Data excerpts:
○ ○ ○

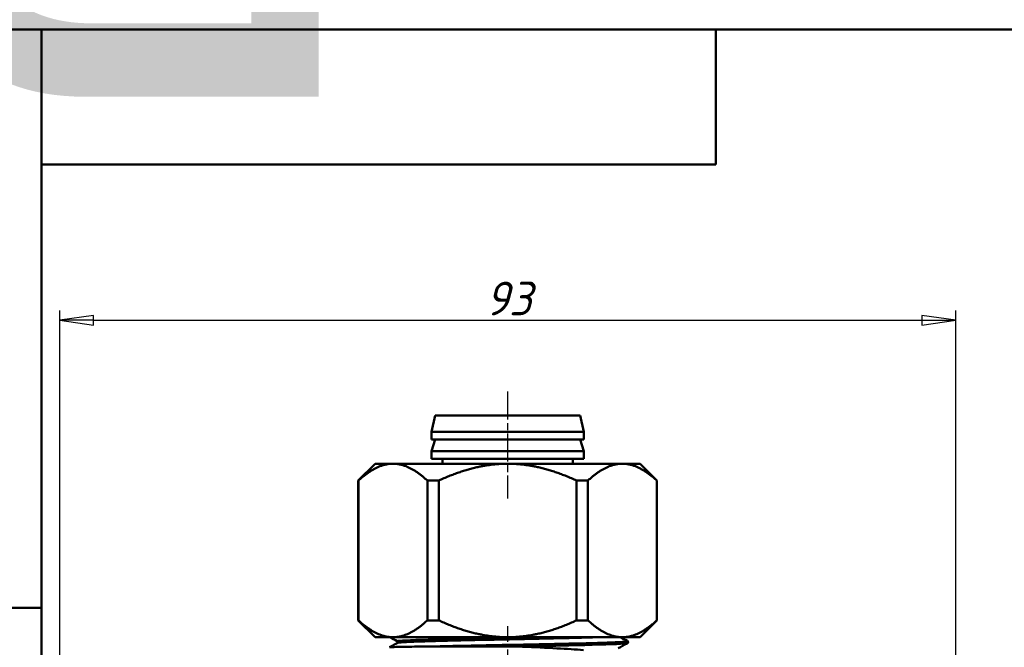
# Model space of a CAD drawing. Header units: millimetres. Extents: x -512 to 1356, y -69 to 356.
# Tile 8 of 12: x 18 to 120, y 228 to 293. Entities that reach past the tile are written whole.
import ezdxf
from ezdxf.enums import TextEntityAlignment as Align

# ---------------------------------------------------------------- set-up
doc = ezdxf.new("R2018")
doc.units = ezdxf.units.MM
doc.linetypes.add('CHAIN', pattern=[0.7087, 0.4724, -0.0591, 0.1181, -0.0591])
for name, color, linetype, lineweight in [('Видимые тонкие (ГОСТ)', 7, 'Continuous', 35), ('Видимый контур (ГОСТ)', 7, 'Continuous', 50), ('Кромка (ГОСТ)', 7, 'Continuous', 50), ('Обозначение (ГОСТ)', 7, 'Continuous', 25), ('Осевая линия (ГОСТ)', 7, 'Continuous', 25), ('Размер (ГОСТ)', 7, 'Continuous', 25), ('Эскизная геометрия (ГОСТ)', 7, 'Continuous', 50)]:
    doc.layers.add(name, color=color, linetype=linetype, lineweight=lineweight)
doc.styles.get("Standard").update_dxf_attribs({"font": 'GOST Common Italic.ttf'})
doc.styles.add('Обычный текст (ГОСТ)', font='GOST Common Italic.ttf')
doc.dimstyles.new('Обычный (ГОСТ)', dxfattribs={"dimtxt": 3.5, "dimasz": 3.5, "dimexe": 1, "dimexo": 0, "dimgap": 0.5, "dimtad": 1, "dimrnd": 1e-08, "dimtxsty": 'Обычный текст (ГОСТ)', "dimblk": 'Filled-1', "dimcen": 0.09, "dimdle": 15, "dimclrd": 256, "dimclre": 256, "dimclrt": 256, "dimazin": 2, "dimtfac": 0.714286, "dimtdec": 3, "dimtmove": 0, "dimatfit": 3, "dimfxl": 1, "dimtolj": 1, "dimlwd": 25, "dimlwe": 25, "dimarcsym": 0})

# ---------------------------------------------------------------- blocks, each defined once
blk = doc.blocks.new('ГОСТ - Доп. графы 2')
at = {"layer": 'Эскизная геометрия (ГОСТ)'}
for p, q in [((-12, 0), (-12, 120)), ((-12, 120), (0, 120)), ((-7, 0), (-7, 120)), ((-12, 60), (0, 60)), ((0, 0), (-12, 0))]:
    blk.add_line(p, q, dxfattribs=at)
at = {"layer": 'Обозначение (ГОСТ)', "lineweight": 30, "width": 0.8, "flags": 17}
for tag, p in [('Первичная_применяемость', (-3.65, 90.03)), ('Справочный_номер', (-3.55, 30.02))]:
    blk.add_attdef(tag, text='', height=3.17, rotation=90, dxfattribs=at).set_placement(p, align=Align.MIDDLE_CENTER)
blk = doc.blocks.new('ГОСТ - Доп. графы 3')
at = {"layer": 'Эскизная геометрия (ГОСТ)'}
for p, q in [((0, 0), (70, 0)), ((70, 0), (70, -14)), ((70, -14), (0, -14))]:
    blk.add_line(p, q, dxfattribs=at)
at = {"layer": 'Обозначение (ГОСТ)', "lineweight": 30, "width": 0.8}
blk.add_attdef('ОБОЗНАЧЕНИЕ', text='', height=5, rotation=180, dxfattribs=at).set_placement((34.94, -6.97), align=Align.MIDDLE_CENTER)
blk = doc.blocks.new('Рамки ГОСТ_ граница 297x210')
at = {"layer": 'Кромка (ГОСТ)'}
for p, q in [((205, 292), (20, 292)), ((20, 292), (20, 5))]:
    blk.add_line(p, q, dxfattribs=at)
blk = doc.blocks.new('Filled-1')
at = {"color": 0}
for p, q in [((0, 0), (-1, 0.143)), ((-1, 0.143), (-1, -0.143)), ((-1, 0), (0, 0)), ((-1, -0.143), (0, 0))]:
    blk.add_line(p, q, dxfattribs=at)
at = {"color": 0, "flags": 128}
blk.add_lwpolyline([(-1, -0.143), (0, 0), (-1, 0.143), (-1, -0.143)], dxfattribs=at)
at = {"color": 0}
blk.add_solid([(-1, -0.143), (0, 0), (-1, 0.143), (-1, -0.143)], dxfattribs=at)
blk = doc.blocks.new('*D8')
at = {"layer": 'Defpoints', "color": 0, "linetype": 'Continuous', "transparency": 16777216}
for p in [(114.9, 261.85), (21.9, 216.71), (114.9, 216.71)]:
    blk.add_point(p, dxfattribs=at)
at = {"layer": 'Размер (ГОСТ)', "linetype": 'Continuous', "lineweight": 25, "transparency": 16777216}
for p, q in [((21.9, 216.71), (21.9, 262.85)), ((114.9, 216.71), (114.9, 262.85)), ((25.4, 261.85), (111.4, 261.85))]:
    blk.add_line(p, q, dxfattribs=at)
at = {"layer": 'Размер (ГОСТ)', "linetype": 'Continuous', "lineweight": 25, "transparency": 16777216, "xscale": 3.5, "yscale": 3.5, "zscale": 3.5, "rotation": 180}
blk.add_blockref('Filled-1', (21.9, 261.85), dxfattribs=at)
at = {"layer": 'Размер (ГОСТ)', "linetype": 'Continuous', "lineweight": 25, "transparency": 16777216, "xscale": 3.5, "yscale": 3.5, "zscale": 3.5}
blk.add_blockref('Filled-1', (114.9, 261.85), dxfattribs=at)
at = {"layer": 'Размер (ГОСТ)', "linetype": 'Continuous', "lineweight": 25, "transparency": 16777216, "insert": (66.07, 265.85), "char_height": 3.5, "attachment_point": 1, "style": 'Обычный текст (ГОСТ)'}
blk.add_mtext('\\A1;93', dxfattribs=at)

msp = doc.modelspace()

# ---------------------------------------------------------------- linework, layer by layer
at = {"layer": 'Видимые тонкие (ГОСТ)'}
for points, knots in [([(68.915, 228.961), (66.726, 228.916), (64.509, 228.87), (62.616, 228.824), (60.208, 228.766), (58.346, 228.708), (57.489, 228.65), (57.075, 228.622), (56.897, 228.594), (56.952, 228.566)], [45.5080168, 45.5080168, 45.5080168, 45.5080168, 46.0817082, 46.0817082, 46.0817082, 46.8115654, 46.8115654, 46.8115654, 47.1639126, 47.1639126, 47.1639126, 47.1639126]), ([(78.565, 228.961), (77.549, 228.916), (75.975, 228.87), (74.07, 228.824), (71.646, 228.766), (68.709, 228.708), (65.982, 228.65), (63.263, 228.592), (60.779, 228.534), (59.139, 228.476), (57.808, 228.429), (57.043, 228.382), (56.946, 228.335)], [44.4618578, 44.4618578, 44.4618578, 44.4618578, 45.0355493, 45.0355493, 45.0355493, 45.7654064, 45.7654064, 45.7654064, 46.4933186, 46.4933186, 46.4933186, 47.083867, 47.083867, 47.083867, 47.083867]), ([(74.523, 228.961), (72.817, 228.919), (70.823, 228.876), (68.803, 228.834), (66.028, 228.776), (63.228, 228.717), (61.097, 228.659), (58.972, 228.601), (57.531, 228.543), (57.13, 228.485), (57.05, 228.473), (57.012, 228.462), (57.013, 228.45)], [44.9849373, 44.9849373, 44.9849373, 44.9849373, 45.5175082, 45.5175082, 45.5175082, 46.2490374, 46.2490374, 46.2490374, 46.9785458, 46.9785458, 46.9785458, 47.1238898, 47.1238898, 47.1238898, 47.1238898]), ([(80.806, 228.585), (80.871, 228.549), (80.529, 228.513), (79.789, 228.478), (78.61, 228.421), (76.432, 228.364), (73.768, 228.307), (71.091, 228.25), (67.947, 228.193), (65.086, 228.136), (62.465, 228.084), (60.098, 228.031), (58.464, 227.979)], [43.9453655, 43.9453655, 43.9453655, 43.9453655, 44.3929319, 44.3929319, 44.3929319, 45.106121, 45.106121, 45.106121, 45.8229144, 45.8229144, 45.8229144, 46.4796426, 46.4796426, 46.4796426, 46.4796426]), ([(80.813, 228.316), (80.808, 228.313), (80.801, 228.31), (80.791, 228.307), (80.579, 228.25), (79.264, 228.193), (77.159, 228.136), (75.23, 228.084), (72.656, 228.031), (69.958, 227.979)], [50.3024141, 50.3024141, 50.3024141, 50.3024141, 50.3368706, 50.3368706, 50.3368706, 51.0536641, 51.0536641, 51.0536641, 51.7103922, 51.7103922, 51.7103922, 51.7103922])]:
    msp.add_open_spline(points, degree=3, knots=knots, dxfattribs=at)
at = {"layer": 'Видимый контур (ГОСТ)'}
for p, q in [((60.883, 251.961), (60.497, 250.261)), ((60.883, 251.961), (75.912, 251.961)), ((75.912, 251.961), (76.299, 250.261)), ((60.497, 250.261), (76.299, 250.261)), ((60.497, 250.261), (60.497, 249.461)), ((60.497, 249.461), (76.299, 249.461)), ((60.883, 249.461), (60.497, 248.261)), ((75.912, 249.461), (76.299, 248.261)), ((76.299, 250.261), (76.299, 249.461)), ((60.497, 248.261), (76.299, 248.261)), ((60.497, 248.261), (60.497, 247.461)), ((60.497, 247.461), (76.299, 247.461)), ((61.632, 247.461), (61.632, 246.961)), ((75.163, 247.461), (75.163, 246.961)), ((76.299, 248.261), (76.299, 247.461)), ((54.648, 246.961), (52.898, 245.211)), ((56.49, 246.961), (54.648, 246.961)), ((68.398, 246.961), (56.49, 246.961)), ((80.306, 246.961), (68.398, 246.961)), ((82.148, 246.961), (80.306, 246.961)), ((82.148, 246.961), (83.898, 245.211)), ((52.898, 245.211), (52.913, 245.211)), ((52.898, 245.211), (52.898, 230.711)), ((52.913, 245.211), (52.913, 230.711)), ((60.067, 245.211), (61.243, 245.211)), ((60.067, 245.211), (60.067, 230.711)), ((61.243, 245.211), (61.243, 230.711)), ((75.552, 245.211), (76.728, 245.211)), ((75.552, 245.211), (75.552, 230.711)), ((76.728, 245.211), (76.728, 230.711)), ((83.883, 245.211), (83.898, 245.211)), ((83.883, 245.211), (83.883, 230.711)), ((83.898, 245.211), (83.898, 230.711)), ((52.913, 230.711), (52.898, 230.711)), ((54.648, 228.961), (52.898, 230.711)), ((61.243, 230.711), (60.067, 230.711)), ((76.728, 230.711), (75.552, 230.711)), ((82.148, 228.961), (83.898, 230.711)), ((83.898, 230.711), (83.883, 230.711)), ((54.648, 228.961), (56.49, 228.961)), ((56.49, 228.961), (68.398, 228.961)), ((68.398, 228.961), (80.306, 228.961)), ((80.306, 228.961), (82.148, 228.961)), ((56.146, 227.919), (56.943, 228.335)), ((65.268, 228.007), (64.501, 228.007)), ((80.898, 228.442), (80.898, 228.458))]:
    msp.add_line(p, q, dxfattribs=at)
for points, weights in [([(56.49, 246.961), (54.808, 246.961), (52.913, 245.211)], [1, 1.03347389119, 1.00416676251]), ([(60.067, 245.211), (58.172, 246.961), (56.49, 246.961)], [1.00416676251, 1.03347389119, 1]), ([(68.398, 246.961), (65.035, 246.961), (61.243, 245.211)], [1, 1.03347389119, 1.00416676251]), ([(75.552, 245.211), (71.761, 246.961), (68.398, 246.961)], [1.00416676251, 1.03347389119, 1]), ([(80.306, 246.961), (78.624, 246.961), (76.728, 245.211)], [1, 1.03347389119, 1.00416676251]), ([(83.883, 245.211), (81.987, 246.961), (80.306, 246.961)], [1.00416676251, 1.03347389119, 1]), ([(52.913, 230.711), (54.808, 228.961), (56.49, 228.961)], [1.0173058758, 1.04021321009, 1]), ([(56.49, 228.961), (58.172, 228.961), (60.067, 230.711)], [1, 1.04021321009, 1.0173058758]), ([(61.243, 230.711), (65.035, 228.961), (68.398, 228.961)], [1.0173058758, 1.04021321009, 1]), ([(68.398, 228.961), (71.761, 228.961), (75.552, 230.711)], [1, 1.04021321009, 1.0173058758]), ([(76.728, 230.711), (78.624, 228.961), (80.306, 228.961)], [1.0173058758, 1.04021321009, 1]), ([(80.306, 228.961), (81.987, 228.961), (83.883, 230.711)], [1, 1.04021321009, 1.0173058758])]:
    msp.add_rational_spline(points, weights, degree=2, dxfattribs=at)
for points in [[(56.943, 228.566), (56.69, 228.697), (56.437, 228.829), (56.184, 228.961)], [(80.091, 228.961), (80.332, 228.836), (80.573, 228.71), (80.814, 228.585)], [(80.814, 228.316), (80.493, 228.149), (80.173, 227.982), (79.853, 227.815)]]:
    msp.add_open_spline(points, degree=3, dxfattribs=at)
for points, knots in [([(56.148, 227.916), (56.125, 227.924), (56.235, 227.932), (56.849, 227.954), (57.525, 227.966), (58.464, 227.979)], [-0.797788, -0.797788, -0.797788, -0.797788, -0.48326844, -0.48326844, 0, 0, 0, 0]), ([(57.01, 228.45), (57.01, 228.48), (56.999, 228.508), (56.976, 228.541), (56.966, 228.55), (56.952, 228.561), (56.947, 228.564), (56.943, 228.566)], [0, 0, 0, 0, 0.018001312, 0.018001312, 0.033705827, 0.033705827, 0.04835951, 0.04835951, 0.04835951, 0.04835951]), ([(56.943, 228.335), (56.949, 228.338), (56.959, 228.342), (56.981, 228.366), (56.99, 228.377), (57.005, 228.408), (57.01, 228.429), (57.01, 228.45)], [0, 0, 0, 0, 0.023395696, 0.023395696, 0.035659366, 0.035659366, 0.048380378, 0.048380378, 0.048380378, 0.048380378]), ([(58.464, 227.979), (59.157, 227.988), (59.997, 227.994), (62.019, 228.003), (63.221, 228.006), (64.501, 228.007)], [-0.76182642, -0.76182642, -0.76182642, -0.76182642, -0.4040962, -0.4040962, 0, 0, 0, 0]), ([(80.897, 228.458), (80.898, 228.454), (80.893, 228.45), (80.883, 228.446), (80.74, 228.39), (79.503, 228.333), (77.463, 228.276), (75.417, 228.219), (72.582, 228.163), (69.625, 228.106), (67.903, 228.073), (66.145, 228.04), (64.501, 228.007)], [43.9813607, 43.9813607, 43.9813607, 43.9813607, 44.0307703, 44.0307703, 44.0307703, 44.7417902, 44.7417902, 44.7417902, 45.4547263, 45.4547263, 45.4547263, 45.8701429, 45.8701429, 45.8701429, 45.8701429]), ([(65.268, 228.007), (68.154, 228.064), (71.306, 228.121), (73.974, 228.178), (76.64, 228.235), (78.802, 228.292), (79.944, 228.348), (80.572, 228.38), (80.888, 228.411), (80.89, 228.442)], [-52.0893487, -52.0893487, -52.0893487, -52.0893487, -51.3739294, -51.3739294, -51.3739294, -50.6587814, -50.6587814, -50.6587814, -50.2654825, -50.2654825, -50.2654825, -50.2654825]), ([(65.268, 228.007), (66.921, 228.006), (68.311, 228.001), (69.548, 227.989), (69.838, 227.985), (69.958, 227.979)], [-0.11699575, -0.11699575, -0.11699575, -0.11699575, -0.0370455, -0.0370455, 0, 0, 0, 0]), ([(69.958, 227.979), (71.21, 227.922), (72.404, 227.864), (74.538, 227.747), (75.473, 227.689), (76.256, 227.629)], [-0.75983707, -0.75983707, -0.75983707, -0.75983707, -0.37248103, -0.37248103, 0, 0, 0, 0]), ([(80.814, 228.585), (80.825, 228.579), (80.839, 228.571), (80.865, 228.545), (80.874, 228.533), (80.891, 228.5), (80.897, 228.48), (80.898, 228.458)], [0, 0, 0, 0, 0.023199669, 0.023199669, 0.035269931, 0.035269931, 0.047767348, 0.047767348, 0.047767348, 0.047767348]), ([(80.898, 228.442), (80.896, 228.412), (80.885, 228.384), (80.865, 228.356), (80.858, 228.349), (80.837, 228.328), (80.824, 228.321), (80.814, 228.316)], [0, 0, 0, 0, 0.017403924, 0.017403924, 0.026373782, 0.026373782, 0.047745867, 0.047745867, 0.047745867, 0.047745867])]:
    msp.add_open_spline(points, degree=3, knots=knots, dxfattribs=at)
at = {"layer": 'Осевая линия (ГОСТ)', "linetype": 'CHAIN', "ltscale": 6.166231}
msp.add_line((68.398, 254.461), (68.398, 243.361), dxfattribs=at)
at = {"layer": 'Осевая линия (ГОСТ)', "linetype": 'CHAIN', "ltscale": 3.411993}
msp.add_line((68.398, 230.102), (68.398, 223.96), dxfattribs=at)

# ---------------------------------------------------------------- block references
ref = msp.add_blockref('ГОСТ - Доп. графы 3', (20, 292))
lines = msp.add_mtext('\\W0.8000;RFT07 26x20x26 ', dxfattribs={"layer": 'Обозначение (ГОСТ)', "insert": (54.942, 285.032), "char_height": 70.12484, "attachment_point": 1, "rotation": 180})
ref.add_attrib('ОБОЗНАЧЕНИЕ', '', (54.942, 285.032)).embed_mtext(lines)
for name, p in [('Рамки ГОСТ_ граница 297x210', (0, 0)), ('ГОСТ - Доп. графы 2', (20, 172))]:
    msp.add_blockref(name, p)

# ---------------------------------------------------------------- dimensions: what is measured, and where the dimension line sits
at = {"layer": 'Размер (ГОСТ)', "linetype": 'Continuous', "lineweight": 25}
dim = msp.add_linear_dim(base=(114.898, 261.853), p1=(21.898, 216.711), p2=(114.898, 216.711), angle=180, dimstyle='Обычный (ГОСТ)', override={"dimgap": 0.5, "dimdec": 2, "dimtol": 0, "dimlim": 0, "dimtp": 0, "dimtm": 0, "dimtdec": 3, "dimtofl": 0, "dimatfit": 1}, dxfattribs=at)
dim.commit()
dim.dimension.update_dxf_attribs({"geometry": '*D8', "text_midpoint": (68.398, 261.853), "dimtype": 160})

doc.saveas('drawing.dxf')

○ ○ ○

What the exercise asks: If the word "import" appears in a line above, copy that line.

Response:
import ezdxf
from ezdxf.enums import TextEntityAlignment as Align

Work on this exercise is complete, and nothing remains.